Tell the user to run in their terminal:
```bash
# If gateway is a foreground process:
# Ctrl+C, then: hermes gateway run --replace

# If gateway is systemd:
systemctl --user restart hermes-gateway

# If gateway was started with nohup/background:
kill $(pgrep -f "hermes gateway" | head -1) && sleep 2 && hermes gateway run --replace
```

### Post-Upgrade: Install New Skills

New Hermes versions may include new skills in `skills/` and `optional-skills/` directories. Compare and copy:

```bash
# See what's new
diff <(ls ~/.hermes/skills/ | sort) <(ls /tmp/hermes-agent/skills/ | sort)
diff <(ls ~/.hermes/skills/ | sort) <(ls /tmp/hermes-agent/optional-skills/ | sort)

# Copy new skills (example)
cp -r /tmp/hermes-agent/optional-skills/research/scrapling ~/.hermes/skills/research/
```

### Cross-Domain Pitfalls

- **Gateway caches DB fingerprints** — replacing a DB file on disk is not enough; you MUST restart the gateway process.
- **pkill from remote** — blocked by security policy.
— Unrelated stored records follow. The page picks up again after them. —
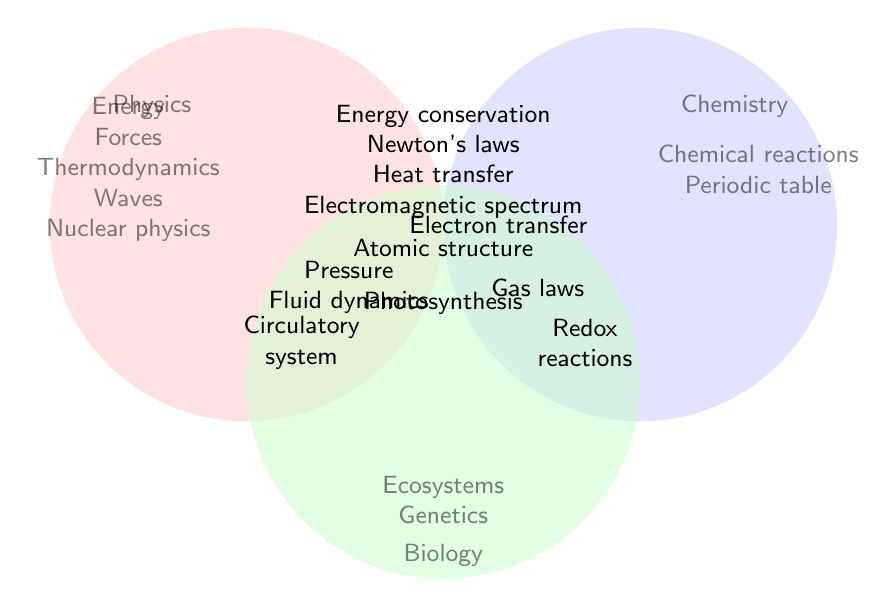What concepts do Physics and Chemistry share? The overlapping concepts between Physics and Chemistry are placed at the intersection of the two circles in the Venn Diagram. Thus, the shared concepts are "Pressure," "Atomic structure," "Electron transfer," and "Gas laws."
Answer: Pressure, Atomic structure, Electron transfer, Gas laws Which subject shares the concept of "Energy conservation" with Physics? The concept of "Energy conservation" is shown in the intersection between the circles representing Physics and the other subjects. However, only "Energy conservation" is shown in the middle indicating that it is a shared concept among all three: Physics, Biology, and Chemistry.
Answer: Biology and Chemistry List concepts that are unique to Chemistry. Unique concepts are those found only in the Chemistry circle, without overlap with other circles. For Chemistry, these are "Chemical reactions" and "Periodic table."
Answer: Chemical reactions, Periodic table Does Biology have any shared concepts with Chemistry? To see if Biology shares concepts with Chemistry, we check the intersections where only Biology and Chemistry overlap. "Photosynthesis" and "Electron transfer" are shared concepts between Biology and Chemistry as indicated.
Answer: Photosynthesis, Electron transfer What subjects overlap with Fluid dynamics? The "Fluid dynamics" concept appears in an intersection area involving Physics and is located near "Pressure" and "Circulatory system." Given its placement, Biology (circulatory system) and Chemistry (pressure) along with Physics are the subjects involved.
Answer: Biology, Chemistry Which concept is shared by all three subjects: Physics, Biology, and Chemistry? The center of the Venn Diagram will contain concepts common to all three disciplines. Only "Energy conservation" is present in the central region, indicating it is shared by all three subjects.
Answer: Energy conservation Identify the subject that does not appear in any overlap? To find this, we must look for all areas outside the intersections of the Venn Diagram. Checking Physics, Biology, and Chemistry, Observing each exclusive area, "Genetics" in Biology is the only area exclusive to one subject.
Answer: Genetics How many unique concepts are listed in the Physics circle? Unique concepts are distinguished in regions not overlapping with other circles. Observing the Physics circle, the unique concepts listed are "Energy," "Forces," "Thermodynamics," "Waves," and "Nuclear physics," totaling five unique concepts.
Answer: 5 Which concept related to Biology is involved with the circulatory system? Within the Biology circle, or its intersections, "Circulatory system" is directly noted. The corresponding concept in the Physics intersects that relates to "Fluid dynamics," hence connecting both.
Answer: Fluid dynamics What concept connects Redox reactions and Photosynthesis? Referring to overlapping areas in Biology and Chemistry, "Electron transfer" falls at their intersection near "Redox reactions" in Chemistry and "Photosynthesis" in Biology, denoting their linkage.
Answer: Electron transfer 
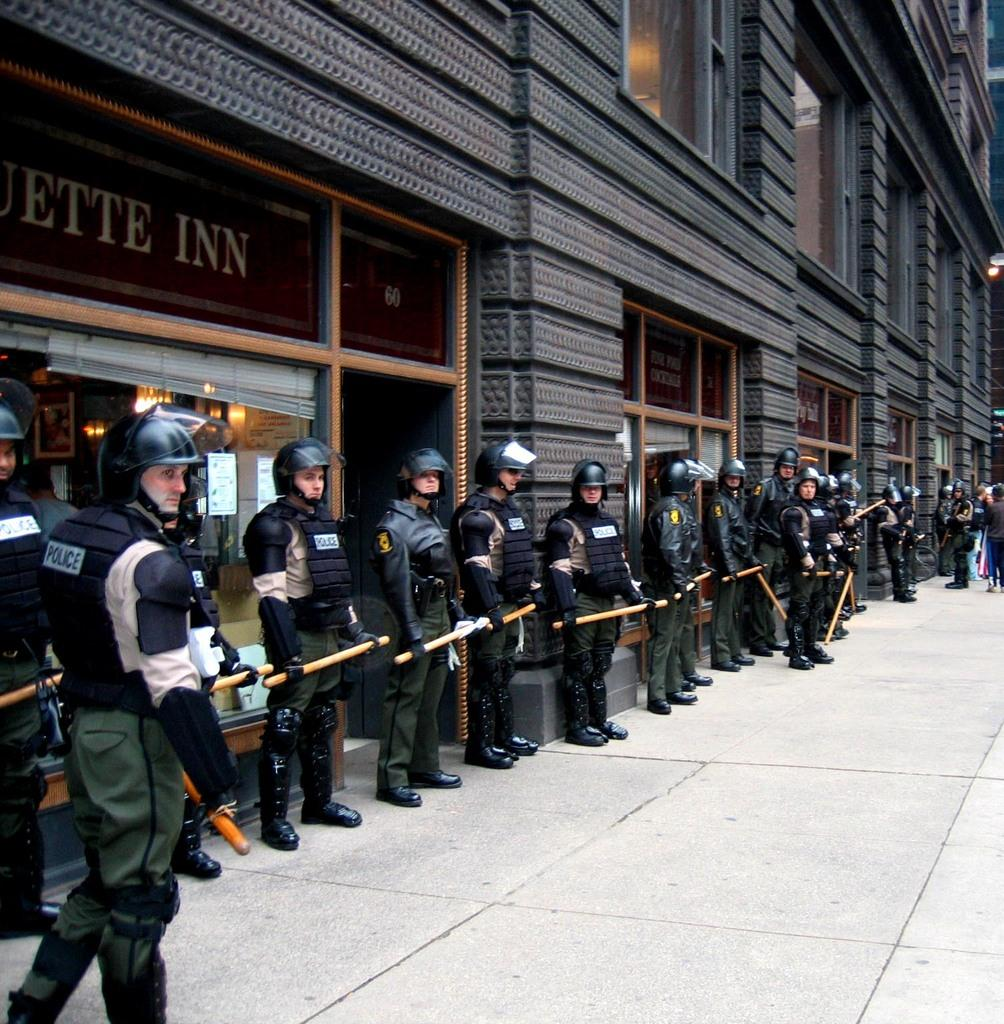How many people are in the image? There is a group of people in the image, but the exact number is not specified. What are the people doing in the image? The people are standing on the ground and holding sticks. What can be seen in the background of the image? There is a building, posters, and lights in the image. What type of weather can be seen in the image? The provided facts do not mention any weather conditions in the image. Can you tell me how many rays are coming from the lights in the image? The number of rays coming from the lights is not specified in the image.

Must be done locally in server terminal.
- **Duplicate gateway processes** cause QQ double-reply. Verify only one `ps aux | grep hermes` process.
- **Ubuntu 26.04 changed Python to 3.14** — `python3.14-venv` package, not `python3-venv`. hermes-agent requires Python <3.14.
- **Hostinger VPS default: no password SSH** — enable with `sed -i` on sshd_config.
- **Chrome blocks HTTP to non-localhost IPs** — use HTTPS or access via localhost/trusted network.
- **Playwright doesn't support Ubuntu 26.04** — but system Chromium exists; tools like scrapling can use it via `PLAYWRIGHT_BROWSERS_PATH`.
- **Agent cannot restart its own gateway** — it kills the session it's running in. Always tell the user to restart manually.